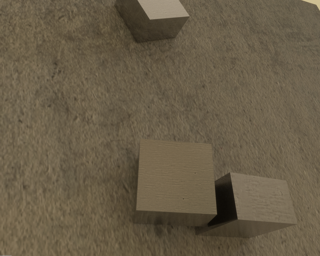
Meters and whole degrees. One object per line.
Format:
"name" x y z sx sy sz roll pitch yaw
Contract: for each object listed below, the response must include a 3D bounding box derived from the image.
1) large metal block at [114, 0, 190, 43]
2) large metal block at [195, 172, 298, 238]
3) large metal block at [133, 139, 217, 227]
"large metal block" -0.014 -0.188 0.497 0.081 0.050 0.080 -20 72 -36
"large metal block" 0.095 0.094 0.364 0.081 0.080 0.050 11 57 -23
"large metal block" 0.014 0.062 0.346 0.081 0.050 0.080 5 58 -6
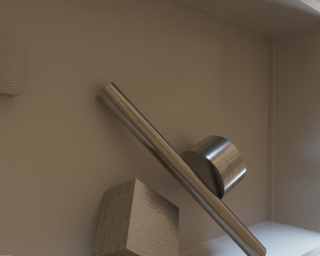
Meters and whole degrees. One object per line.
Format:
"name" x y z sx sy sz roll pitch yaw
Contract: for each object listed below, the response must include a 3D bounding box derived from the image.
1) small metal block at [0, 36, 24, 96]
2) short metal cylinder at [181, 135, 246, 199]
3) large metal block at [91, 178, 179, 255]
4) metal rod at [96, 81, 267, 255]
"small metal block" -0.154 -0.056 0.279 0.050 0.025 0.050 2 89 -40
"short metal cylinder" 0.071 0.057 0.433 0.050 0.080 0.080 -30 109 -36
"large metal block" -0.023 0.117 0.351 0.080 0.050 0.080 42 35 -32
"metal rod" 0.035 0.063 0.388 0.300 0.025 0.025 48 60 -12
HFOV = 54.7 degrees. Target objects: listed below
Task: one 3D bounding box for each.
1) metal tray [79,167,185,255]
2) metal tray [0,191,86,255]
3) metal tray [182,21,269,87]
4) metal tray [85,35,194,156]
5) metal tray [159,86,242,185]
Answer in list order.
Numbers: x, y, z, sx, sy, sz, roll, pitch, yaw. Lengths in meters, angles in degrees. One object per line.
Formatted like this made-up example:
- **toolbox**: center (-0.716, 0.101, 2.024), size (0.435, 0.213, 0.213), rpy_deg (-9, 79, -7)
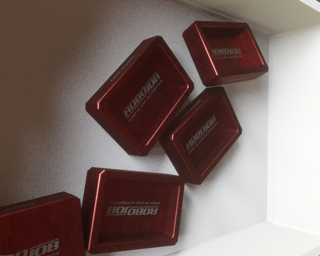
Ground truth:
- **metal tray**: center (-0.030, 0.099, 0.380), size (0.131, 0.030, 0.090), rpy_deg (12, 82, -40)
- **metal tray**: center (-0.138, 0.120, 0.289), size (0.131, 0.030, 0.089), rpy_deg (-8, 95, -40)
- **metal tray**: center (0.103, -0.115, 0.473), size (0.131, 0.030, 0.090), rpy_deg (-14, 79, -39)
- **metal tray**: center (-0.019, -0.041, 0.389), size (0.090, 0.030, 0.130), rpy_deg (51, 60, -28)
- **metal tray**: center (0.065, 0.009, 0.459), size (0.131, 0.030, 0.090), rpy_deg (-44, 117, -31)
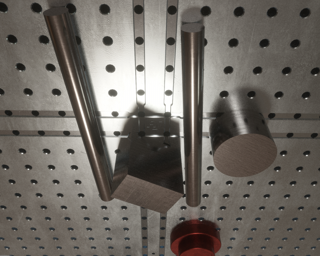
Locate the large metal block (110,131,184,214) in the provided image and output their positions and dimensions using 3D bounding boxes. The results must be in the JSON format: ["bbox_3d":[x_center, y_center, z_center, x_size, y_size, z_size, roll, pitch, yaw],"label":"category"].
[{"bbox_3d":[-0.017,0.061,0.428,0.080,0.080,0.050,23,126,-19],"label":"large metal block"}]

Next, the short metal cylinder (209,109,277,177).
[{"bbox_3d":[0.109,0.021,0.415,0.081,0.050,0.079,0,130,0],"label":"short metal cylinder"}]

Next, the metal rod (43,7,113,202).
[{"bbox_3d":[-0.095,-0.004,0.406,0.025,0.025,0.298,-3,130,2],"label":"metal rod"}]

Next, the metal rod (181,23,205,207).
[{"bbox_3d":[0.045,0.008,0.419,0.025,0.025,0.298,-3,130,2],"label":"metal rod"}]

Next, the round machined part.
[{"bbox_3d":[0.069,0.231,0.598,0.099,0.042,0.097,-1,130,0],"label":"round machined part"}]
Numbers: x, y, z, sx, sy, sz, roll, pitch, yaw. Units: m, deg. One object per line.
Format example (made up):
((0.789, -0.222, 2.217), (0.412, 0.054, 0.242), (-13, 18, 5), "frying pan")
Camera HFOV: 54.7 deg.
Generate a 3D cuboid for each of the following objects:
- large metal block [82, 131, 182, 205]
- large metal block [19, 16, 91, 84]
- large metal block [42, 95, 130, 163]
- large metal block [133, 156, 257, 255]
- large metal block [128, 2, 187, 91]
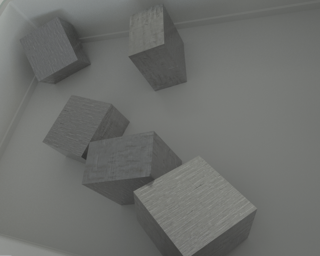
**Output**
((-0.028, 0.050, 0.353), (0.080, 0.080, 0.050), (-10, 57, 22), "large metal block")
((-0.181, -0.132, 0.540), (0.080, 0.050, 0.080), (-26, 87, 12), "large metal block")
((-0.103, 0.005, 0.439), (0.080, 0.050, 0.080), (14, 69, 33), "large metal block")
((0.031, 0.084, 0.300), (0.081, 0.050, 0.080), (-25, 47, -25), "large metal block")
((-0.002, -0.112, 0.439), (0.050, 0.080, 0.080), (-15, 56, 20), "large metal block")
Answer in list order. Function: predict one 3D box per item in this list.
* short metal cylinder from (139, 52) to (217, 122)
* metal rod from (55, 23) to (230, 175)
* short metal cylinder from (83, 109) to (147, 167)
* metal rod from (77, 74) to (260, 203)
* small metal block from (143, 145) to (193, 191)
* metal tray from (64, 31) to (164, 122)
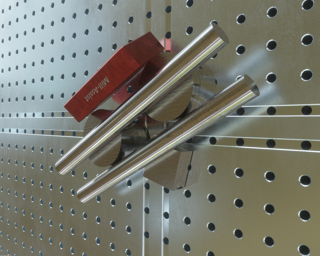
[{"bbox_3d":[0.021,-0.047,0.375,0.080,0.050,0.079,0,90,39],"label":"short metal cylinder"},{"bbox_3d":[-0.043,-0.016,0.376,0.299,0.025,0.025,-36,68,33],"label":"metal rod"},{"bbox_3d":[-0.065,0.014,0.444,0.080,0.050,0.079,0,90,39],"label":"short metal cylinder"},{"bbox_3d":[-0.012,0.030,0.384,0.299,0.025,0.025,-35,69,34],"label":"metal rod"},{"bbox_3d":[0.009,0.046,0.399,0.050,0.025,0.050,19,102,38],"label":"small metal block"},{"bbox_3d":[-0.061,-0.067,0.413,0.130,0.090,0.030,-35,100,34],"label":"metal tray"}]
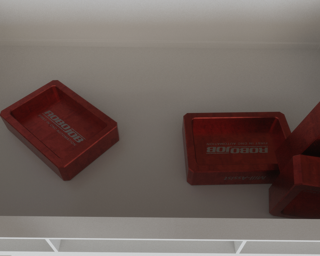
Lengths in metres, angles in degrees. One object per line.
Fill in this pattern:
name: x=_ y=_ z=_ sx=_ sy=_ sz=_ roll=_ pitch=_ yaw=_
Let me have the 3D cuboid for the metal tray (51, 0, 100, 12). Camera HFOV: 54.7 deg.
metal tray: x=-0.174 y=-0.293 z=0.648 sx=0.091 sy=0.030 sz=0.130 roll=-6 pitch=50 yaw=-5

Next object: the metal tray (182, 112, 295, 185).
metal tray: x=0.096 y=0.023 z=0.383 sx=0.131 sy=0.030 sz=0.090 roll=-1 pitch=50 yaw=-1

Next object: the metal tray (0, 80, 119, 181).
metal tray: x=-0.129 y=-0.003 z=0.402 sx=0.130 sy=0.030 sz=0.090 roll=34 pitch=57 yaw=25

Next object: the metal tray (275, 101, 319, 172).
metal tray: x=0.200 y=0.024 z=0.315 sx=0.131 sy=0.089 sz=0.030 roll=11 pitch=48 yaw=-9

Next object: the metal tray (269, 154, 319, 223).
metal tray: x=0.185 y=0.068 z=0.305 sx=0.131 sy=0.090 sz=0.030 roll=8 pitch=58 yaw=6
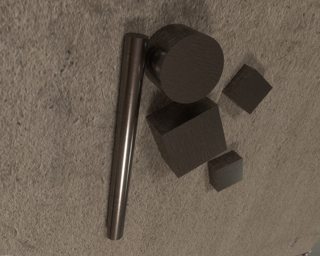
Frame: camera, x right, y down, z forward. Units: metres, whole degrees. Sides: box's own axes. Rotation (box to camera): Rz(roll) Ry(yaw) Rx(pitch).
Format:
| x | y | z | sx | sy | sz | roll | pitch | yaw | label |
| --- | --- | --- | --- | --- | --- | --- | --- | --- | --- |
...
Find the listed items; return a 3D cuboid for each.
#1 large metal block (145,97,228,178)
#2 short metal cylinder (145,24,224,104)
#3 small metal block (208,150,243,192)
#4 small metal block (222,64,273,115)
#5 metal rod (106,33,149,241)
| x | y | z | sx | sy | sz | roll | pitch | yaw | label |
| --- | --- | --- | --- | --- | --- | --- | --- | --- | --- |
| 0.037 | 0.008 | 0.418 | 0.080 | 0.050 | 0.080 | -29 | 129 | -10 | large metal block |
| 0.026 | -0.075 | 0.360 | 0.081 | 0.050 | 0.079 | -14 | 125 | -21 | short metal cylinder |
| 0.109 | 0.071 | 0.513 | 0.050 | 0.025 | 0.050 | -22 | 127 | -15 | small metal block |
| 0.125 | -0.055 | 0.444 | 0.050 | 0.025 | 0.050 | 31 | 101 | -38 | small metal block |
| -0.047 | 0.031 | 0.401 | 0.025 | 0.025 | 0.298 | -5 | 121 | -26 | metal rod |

...

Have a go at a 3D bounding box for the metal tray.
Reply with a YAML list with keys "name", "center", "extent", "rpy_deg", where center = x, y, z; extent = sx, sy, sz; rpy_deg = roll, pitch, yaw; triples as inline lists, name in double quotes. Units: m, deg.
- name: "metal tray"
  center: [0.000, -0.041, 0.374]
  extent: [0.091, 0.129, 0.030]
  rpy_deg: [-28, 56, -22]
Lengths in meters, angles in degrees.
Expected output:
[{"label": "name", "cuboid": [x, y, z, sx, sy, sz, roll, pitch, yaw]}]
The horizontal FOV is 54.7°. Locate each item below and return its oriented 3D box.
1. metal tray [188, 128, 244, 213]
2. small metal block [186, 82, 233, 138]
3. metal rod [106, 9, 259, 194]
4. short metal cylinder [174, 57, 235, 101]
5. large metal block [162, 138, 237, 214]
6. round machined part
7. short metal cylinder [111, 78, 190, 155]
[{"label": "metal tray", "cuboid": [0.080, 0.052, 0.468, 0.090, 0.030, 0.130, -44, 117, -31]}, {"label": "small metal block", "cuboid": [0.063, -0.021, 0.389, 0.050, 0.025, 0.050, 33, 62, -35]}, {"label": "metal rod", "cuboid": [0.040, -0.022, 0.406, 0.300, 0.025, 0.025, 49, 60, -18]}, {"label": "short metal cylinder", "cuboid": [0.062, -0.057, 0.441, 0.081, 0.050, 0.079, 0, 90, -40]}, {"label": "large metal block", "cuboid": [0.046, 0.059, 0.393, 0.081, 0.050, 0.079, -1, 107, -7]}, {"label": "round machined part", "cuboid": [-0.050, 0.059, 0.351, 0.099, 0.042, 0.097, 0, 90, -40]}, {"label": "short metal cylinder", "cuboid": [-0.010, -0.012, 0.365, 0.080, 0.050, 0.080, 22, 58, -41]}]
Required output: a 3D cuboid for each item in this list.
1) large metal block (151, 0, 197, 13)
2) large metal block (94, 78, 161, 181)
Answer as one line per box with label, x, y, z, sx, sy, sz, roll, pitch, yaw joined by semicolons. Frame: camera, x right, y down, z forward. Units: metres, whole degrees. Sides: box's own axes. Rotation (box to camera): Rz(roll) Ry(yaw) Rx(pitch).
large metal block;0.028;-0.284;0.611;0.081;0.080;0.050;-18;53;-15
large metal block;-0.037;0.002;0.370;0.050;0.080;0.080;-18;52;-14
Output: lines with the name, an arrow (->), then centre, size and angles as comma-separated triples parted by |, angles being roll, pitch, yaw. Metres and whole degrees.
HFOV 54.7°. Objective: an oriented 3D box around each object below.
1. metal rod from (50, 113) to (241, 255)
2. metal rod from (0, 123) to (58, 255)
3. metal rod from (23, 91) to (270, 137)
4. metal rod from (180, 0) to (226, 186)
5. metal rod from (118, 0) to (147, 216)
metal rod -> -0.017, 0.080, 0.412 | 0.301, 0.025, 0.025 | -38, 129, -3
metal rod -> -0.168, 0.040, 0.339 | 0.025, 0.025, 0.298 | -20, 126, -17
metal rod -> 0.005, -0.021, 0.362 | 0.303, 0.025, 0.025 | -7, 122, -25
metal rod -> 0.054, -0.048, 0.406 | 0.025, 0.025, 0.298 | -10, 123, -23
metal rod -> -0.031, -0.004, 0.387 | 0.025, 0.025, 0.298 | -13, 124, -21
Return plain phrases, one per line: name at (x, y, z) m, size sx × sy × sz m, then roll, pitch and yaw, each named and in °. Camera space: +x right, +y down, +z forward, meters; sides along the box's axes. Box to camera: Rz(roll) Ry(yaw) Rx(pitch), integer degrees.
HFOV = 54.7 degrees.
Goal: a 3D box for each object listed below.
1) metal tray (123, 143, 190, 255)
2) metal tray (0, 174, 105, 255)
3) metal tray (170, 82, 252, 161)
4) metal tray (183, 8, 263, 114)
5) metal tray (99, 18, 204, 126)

What the task asks = Check each line of the listing above. Copy the ones with the word "Numbers".

Exercise result =
Numbers: x, y, z, sx, sy, sz, roll, pitch, yaw. Lengths in meters, angles in degrees. One object per line.
Numbers: x, y, z, sx, sy, sz, roll, pitch, yaw. Units: m, deg. One object per line.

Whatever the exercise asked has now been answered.